Wiosna 2024. Raport o stanie upraw. W jakiej kondycji są rośliny?
Sprawdziliśmy, co dzieje się na polach w ostatniej dekadzie marca, chwilę przed zamknięcie kwietniowego numeru “Wieści Rolniczych”.
Woj. kujawsko-pomorskie - sytuacja na polach
O sytuacji na polach w tym rejonie Polski mówi dr inż. Daniel Krauklis ze Stacji Doświadczalnej Oceny Odmian Chrząstowo Centralnego Ośrodka Badania Odmian Roślin Uprawnych. - Rzepak przez te ostatnie chłody - w Chrząstowie notowaliśmy przymrozki sięgające -4 stopni C - nie wystartował pełną parą. Na plantacjach został zaaplikowany już cały azot, który mu się w tym roku należał. Mimo wszystko rzepak nadal jest stłumiony. Czeka na to, aż się ociepli, wtedy podejrzewam, że szybko pójdzie w górę - uważa specjalista. Zaznacza jednocześnie, że rośliny dobrze przetrwały zimę. - Nie było żadnych strat w obsadzie. Rzepak - przez to, że okres wegetacji się wydłużył pod koniec roku, gdyż było dużo opadów oraz w miarę ciepła pogoda - nam bardzo wyrósł. Muszę nawet powiedzieć - a prowadzę już tu (w Chrząstowie - przyp.red.) doświadczenia 12 lat - nie widziałem, żeby rzepak był tak duży - zwraca uwagę ekspert. Mówi o tym, że plantatorzy regulowali pokrój roślin dwukrotnie. - My akurat w naszej stacji prowadzimy doświadczenia bez skracania roślin. Rolnicy z naszych stron jednak zastanawiali się nawet nad tym, czy nie wykonać trzeciego zabiegu - wspomina nasz rozmówca.

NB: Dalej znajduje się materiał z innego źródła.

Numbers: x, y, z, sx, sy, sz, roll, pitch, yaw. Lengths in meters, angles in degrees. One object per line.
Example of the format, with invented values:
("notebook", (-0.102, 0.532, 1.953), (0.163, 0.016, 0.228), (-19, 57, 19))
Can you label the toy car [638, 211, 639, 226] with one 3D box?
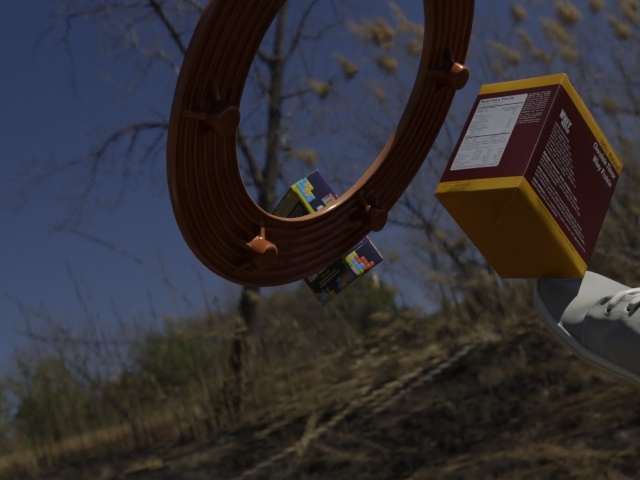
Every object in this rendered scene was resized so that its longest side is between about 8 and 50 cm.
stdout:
("toy car", (0.626, -0.064, 1.811), (0.182, 0.136, 0.159), (-24, 26, -18))

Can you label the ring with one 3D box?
("ring", (0.020, -0.111, 0.815), (0.032, 0.336, 0.337), (30, 18, 32))

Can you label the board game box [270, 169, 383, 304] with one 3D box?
("board game box", (0.000, 0.000, 1.407), (0.048, 0.141, 0.170), (-34, -4, -21))

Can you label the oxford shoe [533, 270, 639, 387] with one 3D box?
("oxford shoe", (0.421, 0.111, 1.313), (0.169, 0.130, 0.449), (-12, 25, -20))

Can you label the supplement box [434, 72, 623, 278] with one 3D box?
("supplement box", (0.280, -0.081, 1.435), (0.129, 0.194, 0.191), (-2, -38, 43))
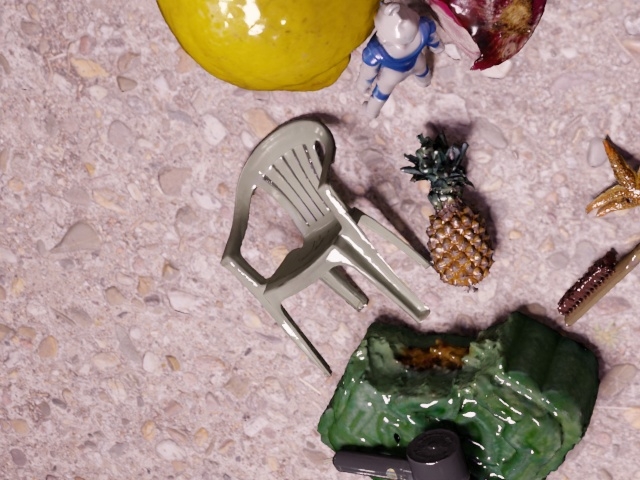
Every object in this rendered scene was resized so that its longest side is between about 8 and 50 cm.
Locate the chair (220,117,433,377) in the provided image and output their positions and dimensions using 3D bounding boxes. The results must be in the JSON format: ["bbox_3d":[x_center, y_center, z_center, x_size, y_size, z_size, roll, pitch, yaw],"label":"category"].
[{"bbox_3d":[0.000,0.000,1.355,0.203,0.190,0.274,-33,108,32],"label":"chair"}]

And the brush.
[{"bbox_3d":[0.374,0.019,1.260,0.036,0.043,0.248,36,130,-2],"label":"brush"}]

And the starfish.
[{"bbox_3d":[0.388,-0.067,1.218,0.130,0.041,0.133,17,123,13],"label":"starfish"}]

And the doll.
[{"bbox_3d":[0.090,-0.216,1.165,0.114,0.227,0.057,-27,76,-5],"label":"doll"}]

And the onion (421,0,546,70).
[{"bbox_3d":[0.170,-0.299,1.140,0.135,0.198,0.173,-34,147,2],"label":"onion"}]

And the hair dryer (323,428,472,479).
[{"bbox_3d":[0.097,0.307,1.346,0.219,0.071,0.124,1,118,34],"label":"hair dryer"}]

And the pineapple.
[{"bbox_3d":[0.166,-0.028,1.300,0.083,0.103,0.221,-6,115,27],"label":"pineapple"}]

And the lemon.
[{"bbox_3d":[-0.068,-0.320,1.138,0.286,0.285,0.316,-7,147,27],"label":"lemon"}]

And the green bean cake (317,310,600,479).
[{"bbox_3d":[0.179,0.224,1.394,0.308,0.169,0.300,31,125,7],"label":"green bean cake"}]
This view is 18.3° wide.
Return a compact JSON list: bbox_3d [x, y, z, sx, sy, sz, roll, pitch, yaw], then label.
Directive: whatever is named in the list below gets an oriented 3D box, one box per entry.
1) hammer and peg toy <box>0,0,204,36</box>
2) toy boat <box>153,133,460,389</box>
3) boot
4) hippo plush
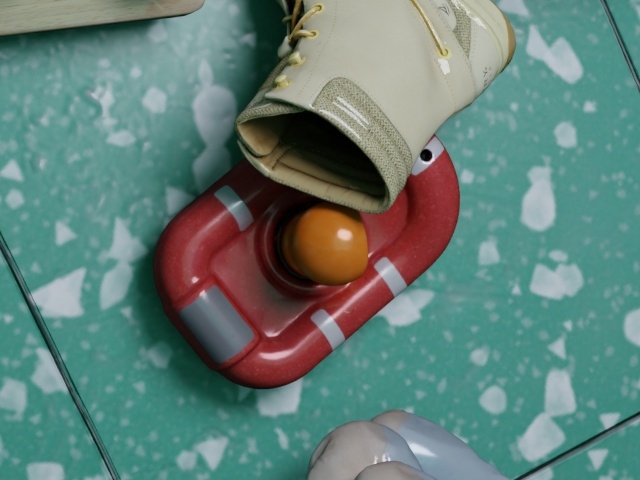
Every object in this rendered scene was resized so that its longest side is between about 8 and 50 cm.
[{"bbox_3d":[-0.269,-0.267,1.349,0.361,0.127,0.266,-7,92,-15],"label":"hammer and peg toy"},{"bbox_3d":[0.000,0.000,1.412,0.231,0.151,0.151,-41,100,-11],"label":"toy boat"},{"bbox_3d":[-0.014,-0.148,1.379,0.262,0.095,0.203,37,51,2],"label":"boot"},{"bbox_3d":[0.078,0.275,1.439,0.294,0.234,0.237,7,111,-55],"label":"hippo plush"}]
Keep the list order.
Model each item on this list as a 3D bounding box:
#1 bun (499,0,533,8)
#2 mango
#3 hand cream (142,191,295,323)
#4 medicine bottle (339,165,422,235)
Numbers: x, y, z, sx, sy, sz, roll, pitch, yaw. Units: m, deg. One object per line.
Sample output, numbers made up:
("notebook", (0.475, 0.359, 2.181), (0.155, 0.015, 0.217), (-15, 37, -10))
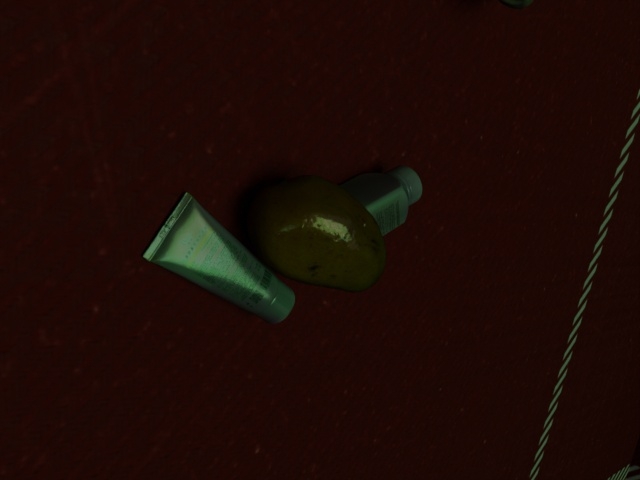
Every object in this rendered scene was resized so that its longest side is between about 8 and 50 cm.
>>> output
("bun", (0.233, -0.378, 0.811), (0.167, 0.113, 0.173), (-68, 162, 6))
("mango", (0.001, -0.007, 0.705), (0.165, 0.089, 0.115), (17, 110, -13))
("hand cream", (-0.097, 0.028, 0.688), (0.174, 0.047, 0.076), (40, 77, -38))
("medicine bottle", (0.067, -0.047, 0.799), (0.118, 0.074, 0.055), (-31, 126, -36))
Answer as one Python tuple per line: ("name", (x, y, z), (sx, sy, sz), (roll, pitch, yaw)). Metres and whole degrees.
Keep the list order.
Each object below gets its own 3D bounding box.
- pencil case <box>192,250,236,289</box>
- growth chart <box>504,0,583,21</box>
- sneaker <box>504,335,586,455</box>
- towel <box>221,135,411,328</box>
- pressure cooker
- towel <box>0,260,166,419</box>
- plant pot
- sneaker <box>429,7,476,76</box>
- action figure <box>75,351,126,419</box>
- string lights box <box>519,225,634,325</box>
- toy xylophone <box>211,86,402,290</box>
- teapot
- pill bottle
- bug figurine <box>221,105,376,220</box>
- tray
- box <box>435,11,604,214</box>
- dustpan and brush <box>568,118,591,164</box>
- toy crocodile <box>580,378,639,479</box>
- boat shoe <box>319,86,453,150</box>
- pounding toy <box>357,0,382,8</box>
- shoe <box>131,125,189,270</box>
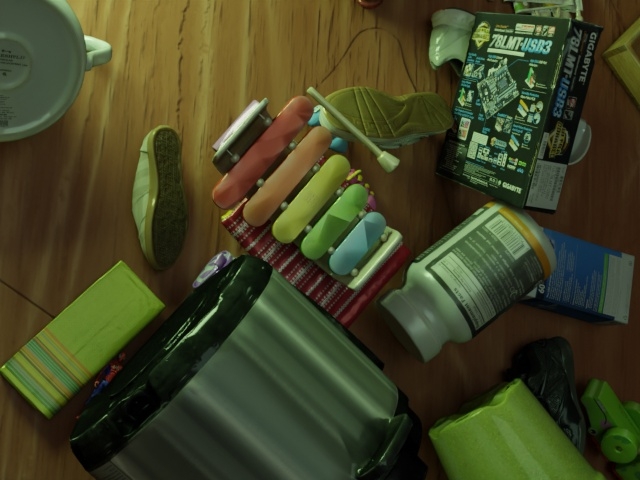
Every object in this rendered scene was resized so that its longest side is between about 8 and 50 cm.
("pencil case", (-0.100, 0.104, 1.469), (0.206, 0.088, 0.086), (39, 66, -15))
("growth chart", (0.412, -0.505, 1.832), (0.237, 0.021, 0.172), (5, 82, -25))
("sneaker", (0.394, 0.290, 1.685), (0.130, 0.087, 0.228), (-4, 82, -24))
("towel", (0.000, 0.000, 1.496), (0.275, 0.031, 0.199), (47, 74, -18))
("pressure cooker", (-0.074, 0.278, 1.279), (0.420, 0.370, 0.375), (44, 93, -7))
("towel", (-0.343, 0.142, 1.381), (0.102, 0.021, 0.237), (49, 66, -9))
("plant pot", (0.315, 0.377, 1.556), (0.276, 0.276, 0.254), (-29, 85, -26))
("sneaker", (0.308, -0.323, 1.727), (0.262, 0.099, 0.121), (16, 84, -15))
("action figure", (-0.314, 0.215, 1.386), (0.038, 0.030, 0.115), (30, 69, -14))
("string lights box", (0.449, 0.064, 1.743), (0.259, 0.076, 0.133), (16, 76, -23))
("toy xylophone", (-0.008, -0.091, 1.420), (0.322, 0.081, 0.236), (35, 83, -20))
("teapot", (-0.450, -0.268, 1.306), (0.252, 0.187, 0.256), (-42, 129, -5))
("pill bottle", (0.238, 0.068, 1.573), (0.278, 0.162, 0.162), (-37, 100, -8))
("bug figurine", (-0.016, -0.084, 1.543), (0.216, 0.072, 0.279), (48, 66, -13))
("tray", (0.769, -0.426, 1.965), (0.411, 0.076, 0.203), (-44, 102, -24))
("box", (0.313, -0.218, 1.549), (0.073, 0.295, 0.293), (9, 101, -23))
("dustpan and brush", (0.442, -0.168, 1.779), (0.147, 0.060, 0.211), (25, 73, -21))
("toy crocodile", (0.579, 0.404, 1.753), (0.340, 0.105, 0.115), (52, 38, -10))
("boat shoe", (0.098, -0.190, 1.581), (0.277, 0.096, 0.098), (-3, 69, -39))
("pounding toy", (0.076, -0.493, 1.640), (0.183, 0.110, 0.237), (-40, 71, -13))
("shoe", (-0.246, -0.063, 1.444), (0.076, 0.058, 0.219), (4, 85, -45))
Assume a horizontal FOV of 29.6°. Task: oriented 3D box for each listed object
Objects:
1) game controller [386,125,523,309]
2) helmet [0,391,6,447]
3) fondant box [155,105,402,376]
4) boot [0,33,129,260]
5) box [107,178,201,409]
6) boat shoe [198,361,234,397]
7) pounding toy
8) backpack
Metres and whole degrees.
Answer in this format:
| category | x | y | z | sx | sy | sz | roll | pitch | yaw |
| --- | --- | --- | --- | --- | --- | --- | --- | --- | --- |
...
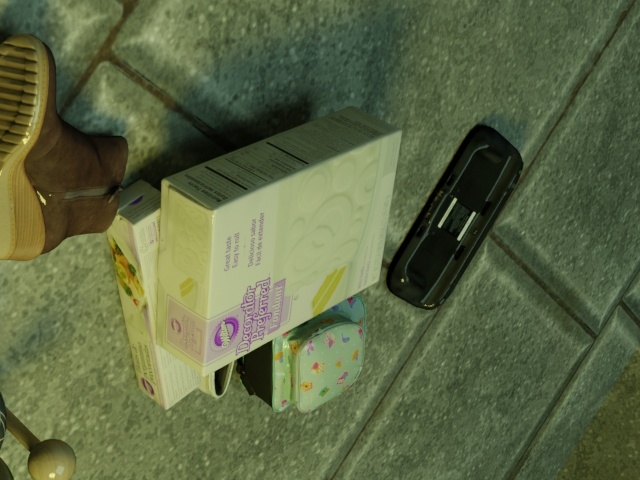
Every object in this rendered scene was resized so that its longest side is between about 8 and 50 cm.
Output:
| category | x | y | z | sx | sy | sz | roll | pitch | yaw |
| --- | --- | --- | --- | --- | --- | --- | --- | --- | --- |
| game controller | 0.224 | -0.034 | 2.014 | 0.166 | 0.067 | 0.319 | 30 | 91 | -43 |
| helmet | -0.408 | 0.183 | 1.236 | 0.161 | 0.169 | 0.169 | -39 | 144 | -9 |
| fondant box | -0.050 | -0.006 | 1.507 | 0.330 | 0.096 | 0.238 | -25 | 134 | -40 |
| boot | -0.277 | -0.102 | 1.275 | 0.207 | 0.090 | 0.248 | -22 | 133 | -60 |
| box | -0.206 | 0.073 | 1.505 | 0.067 | 0.063 | 0.324 | -36 | 141 | -30 |
| boat shoe | -0.133 | 0.130 | 1.648 | 0.066 | 0.063 | 0.184 | -4 | 120 | -52 |
| pounding toy | -0.381 | 0.307 | 1.345 | 0.237 | 0.183 | 0.110 | -51 | 143 | -19 |
| backpack | -0.014 | 0.144 | 1.752 | 0.188 | 0.144 | 0.166 | -33 | 134 | -39 |
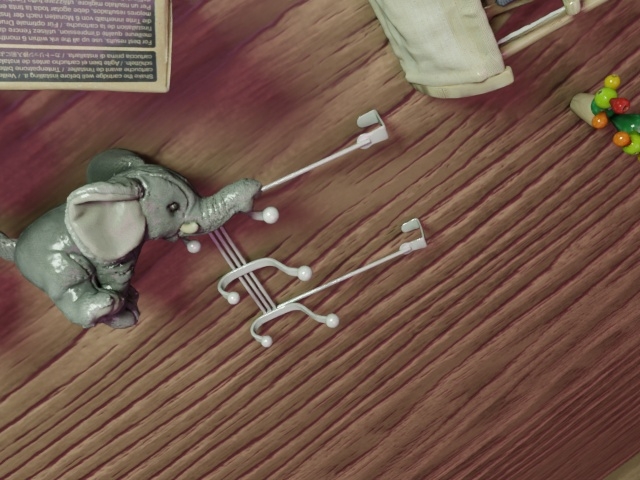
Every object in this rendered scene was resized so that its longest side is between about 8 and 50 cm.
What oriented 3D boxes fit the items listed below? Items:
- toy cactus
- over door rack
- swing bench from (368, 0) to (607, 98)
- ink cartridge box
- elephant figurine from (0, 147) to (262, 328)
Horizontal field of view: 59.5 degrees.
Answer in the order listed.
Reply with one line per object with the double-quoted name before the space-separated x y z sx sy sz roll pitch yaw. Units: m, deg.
"toy cactus" 0.461 -0.193 0.852 0.218 0.180 0.112 9 116 -30
"over door rack" 0.000 0.000 0.802 0.324 0.108 0.240 -31 129 -5
"swing bench" 0.178 -0.331 0.641 0.254 0.165 0.253 -39 129 2
"ink cartridge box" -0.241 -0.201 0.478 0.193 0.235 0.088 -5 122 -22
"elephant figurine" -0.224 -0.030 0.654 0.239 0.169 0.186 -53 153 12
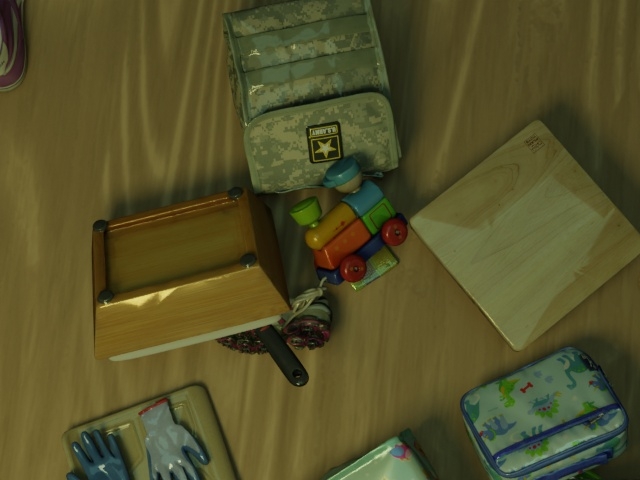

Zboża też dobrze przezimowały. - Obawialiśmy się oczywiście trochę o jęczmień, bo mieliśmy do czynienia ze spadkami temperatur. Na szczęście okrywa śnieżna była, więc nie zanotowaliśmy żadnych wypadnięć roślin - dotyczy to wszystkich odmian - relacjonuje dr inż. Daniel Krauklis.
Stacja w Chrząstowie ma już za sobą zasiewy roślin bobowatych. - Chodzi o bobik i groch. Są to gatunki, które spośród roślin jarych wymagają najwięcej wilgoci - informuje spcejalista. - Na brak wilgoci nie możemy narzekać. Póki co mamy jej bardzo dużo - dodaje.
Woj. mazowieckie - sytuacja na polach
Na mazowieckich polach mokro. - Zboża tego - gerenralnie - nie lubią, cierpią zwłaszcza jęczmienie - informuje Monika Górzyńska z Mazowieckiego Ośrodka Doradztwa Rolniczego. Zwaraca jednocześnie uwagę na to, że rzepaki są w lepszej kondycji od zbóż. - Aczkolwiek takie rozharowania pogodowe nie wywołują nic dobrego - zaznacza ekspertka. - Rzepak takiej sytuacji nie lubi - dodaje. Nasza rozmówczyni przyznaje, że rośliny są bardzo wygłodniałe. - Trudno przewidzieć, co będzie dalej, gdyż mamy duże skoki temperatur. To jest niebezpieczne dla rzepaku - tłumaczy Monika Górzyńska.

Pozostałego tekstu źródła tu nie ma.